This page is merely a summary which is automatically generated hence you should visit the source to read the original article which includes the author, publication date, notes and references.

Author:

Whye Lian Cheah, Nurul Bahariah Dollah, Ching Thon Chang


The Malaysian Journal of Medical Sciences:

(A peer-reviewed, open-access journal)

Full text available for: Perceptions of Receiving Bad News about Cancer among Bone Cancer Patients in Sarawak General Hospital - A Descriptive Study

Year: 2012

Copyright (license): CC BY 4.0


Download the PDF file of the original publication


Summary of article contents:

Introduction

This study aims to examine the perceptions and expectations of bone cancer patients regarding the delivery of bad news from their doctors, particularly within the context of their cultural environment at the Sarawak General Hospital in Malaysia. With cancer being a prominent global health issue and bone cancer being relatively rare, understanding the communication dynamics around bad news delivery is crucial. The study utilized a cross-sectional design, employing a pretested questionnaire to gather data from patients on their experiences and feelings during the process of receiving their diagnosis and treatment plans.

Importance of Effective Communication

The findings indicate that while a majority of patients felt they received bad news in a comfortable environment and appreciated the simplicity and warmth of their doctor's communication, there were critical areas that need attention. Notably, only a small percentage of patients reported receiving the news in private settings, with less than 20% feeling their emotional needs were adequately addressed during the conversation. This highlights a significant gap in the communication skills of physicians, where sensitivity to the patient’s emotional state and allowing them to express their feelings were lacking. Additionally, the data revealed that only a minority of doctors involved nurses in the process, which could potentially limit the support systems available to patients during such a distressing time.

Conclusion

In conclusion, the delivery of bad news concerning cancer is a complex yet essential communication task that profoundly affects patient outcomes. Despite high patient satisfaction on certain aspects of communication, the study identifies crucial shortcomings in physician practices that need to be addressed. The findings suggest that tailored training programs would be beneficial for medical professionals to enhance their skills in breaking bad news, ensuring they consider patients' prior knowledge and emotional needs. Future research should expand on these insights across different cancer types and utilize mixed-methods approaches to deepen the understanding of patient experiences in this critical aspect of healthcare.
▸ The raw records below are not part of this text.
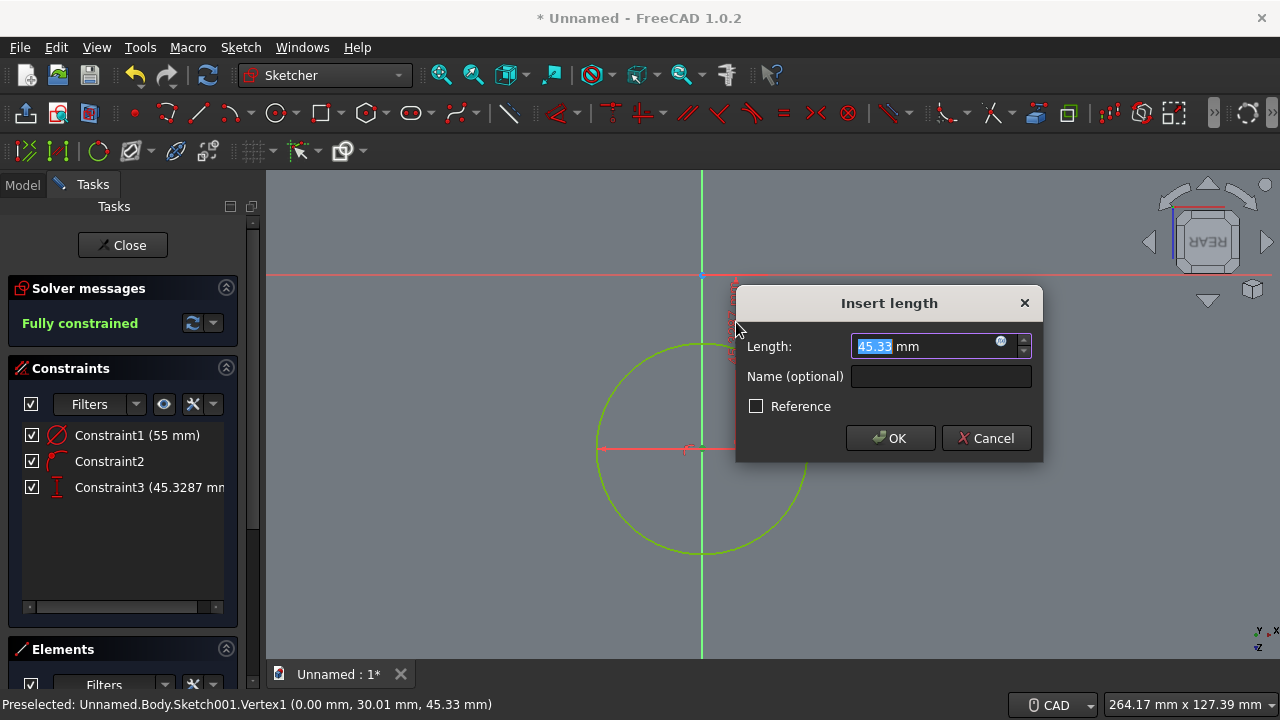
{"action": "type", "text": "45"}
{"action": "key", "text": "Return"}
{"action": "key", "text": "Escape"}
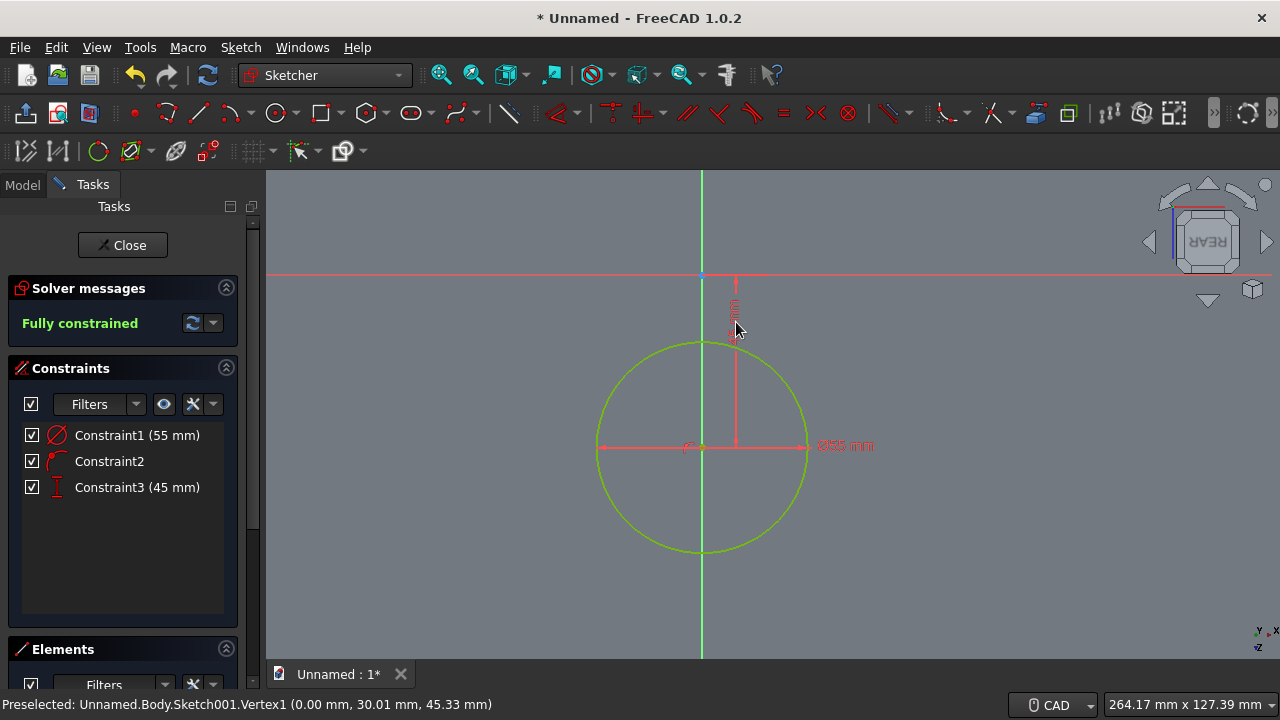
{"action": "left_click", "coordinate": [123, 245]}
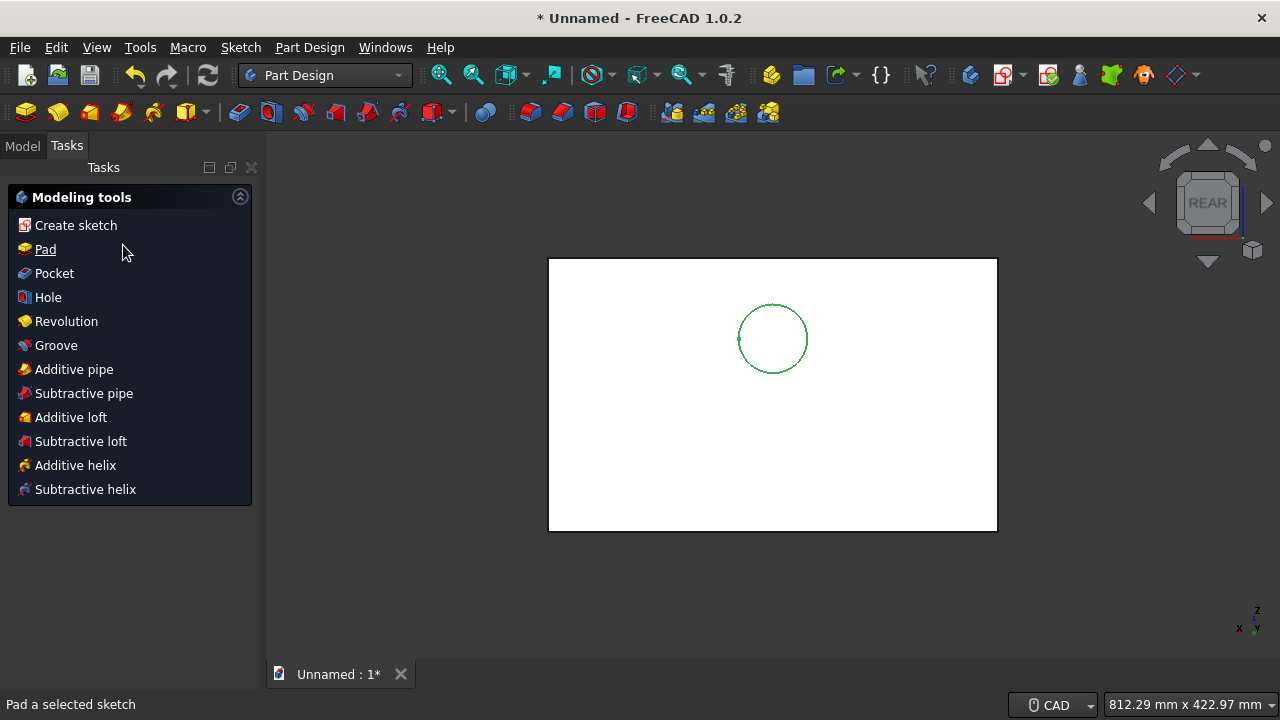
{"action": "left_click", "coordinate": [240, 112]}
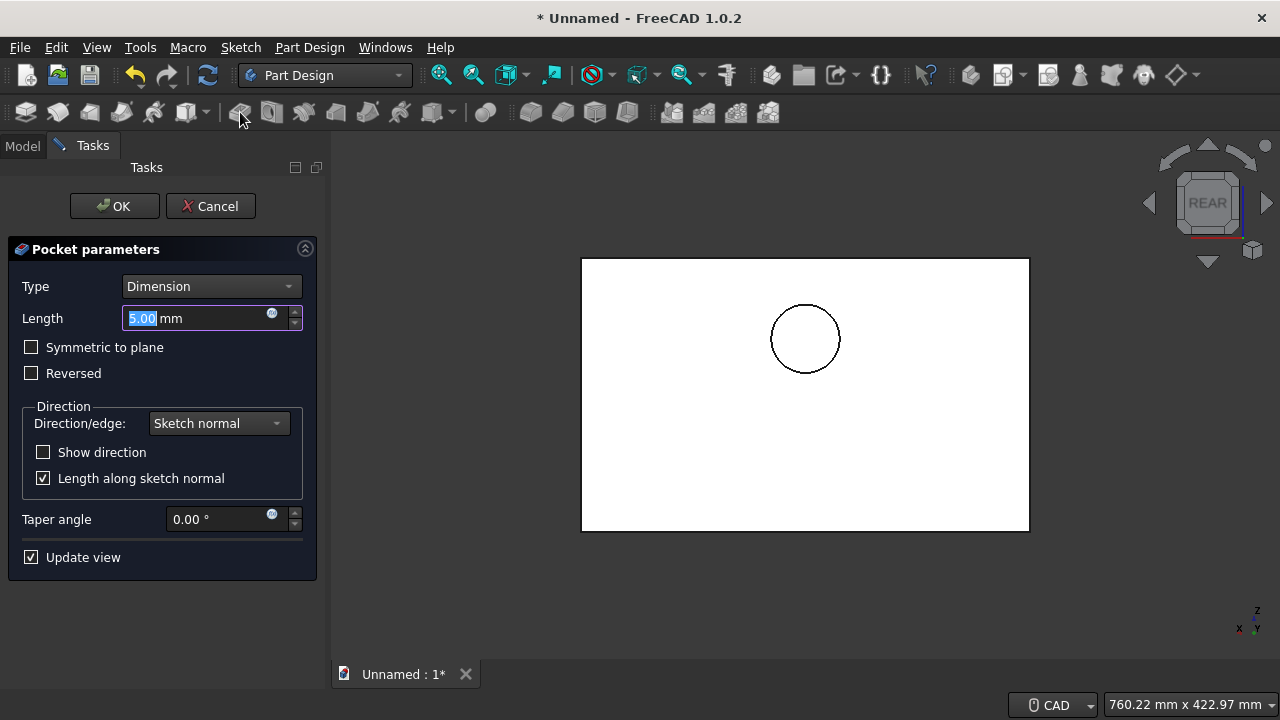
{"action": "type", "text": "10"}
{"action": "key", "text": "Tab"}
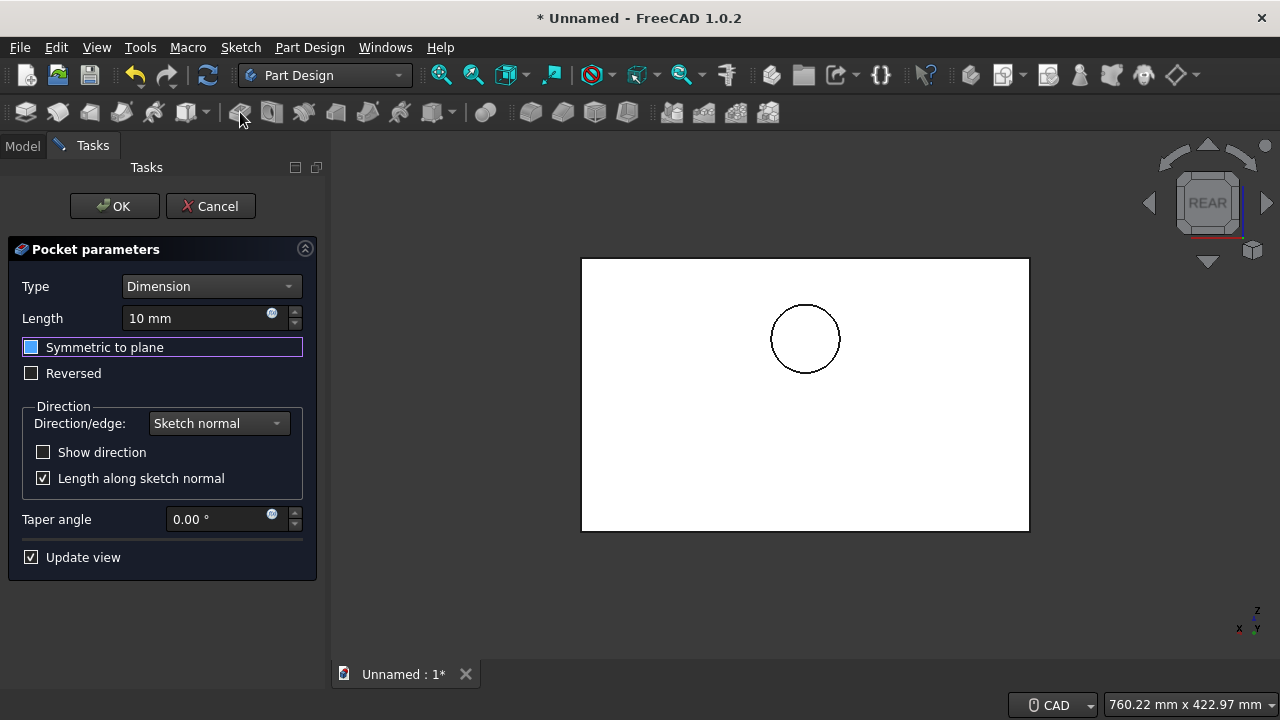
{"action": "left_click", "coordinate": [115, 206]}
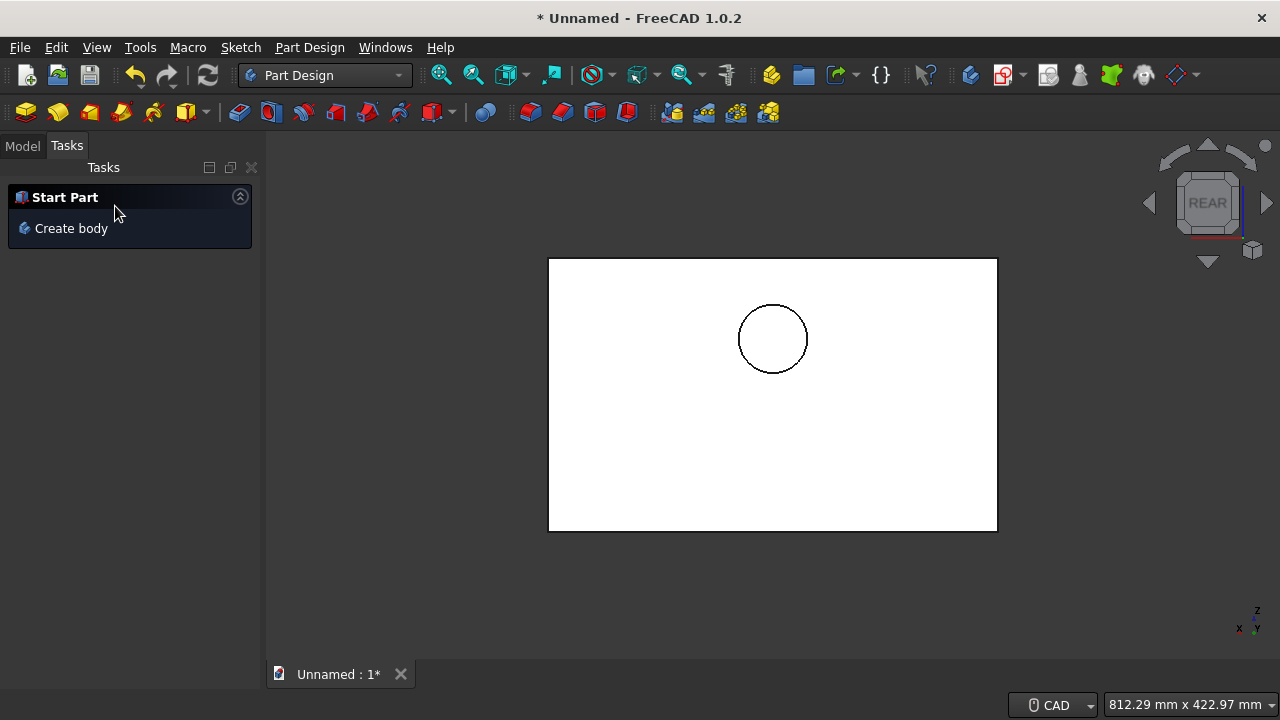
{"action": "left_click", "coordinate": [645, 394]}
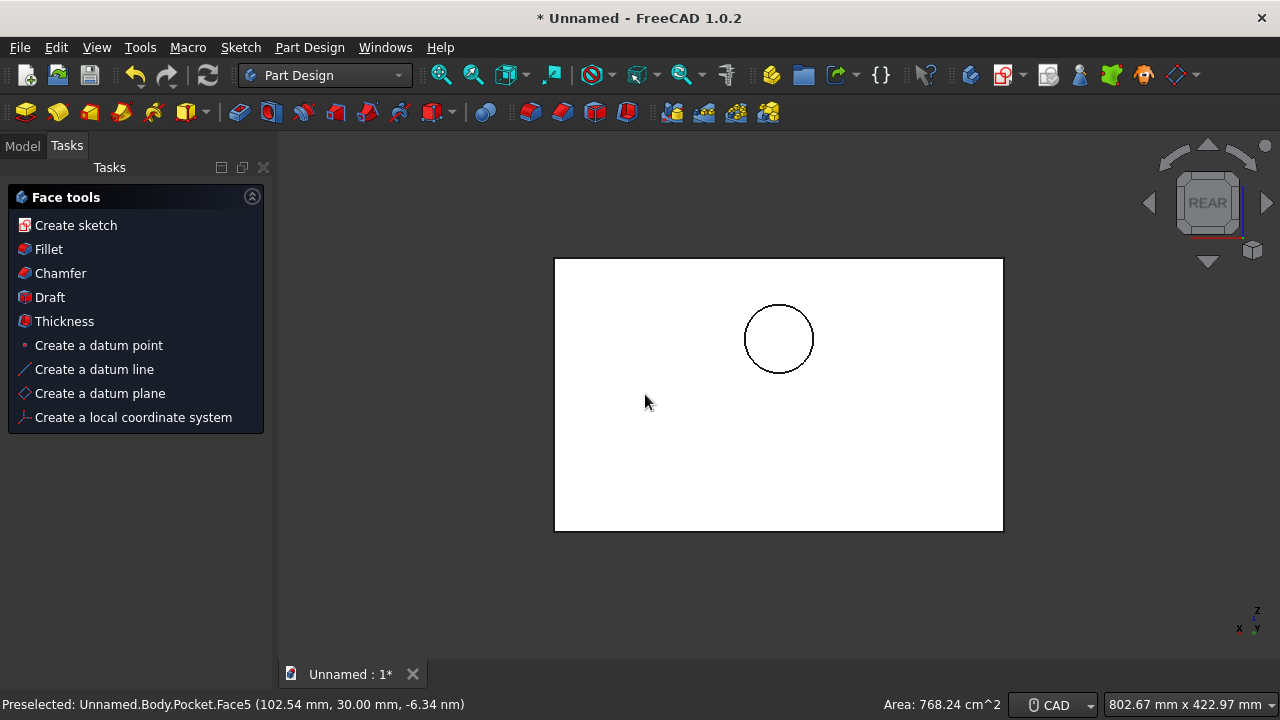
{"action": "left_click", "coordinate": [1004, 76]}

FAQ section (important questions/answers):

What was the aim of the study on bone cancer patients?

The study aimed to determine the perceptions and expectations of bone cancer patients regarding their doctors and the process of breaking bad news, along with the environment in which the news was delivered.

How many patients were involved in the study?

A total of 30 bone cancer patients were interviewed during the study conducted at Sarawak General Hospital over a two-month period.

What key findings emerged regarding the breaking of bad news?

Patients reported receiving the news in a comfortable environment, with doctors using simple language. However, issues were identified with privacy and the need for more sensitivity in considering patients’ emotions during the interaction.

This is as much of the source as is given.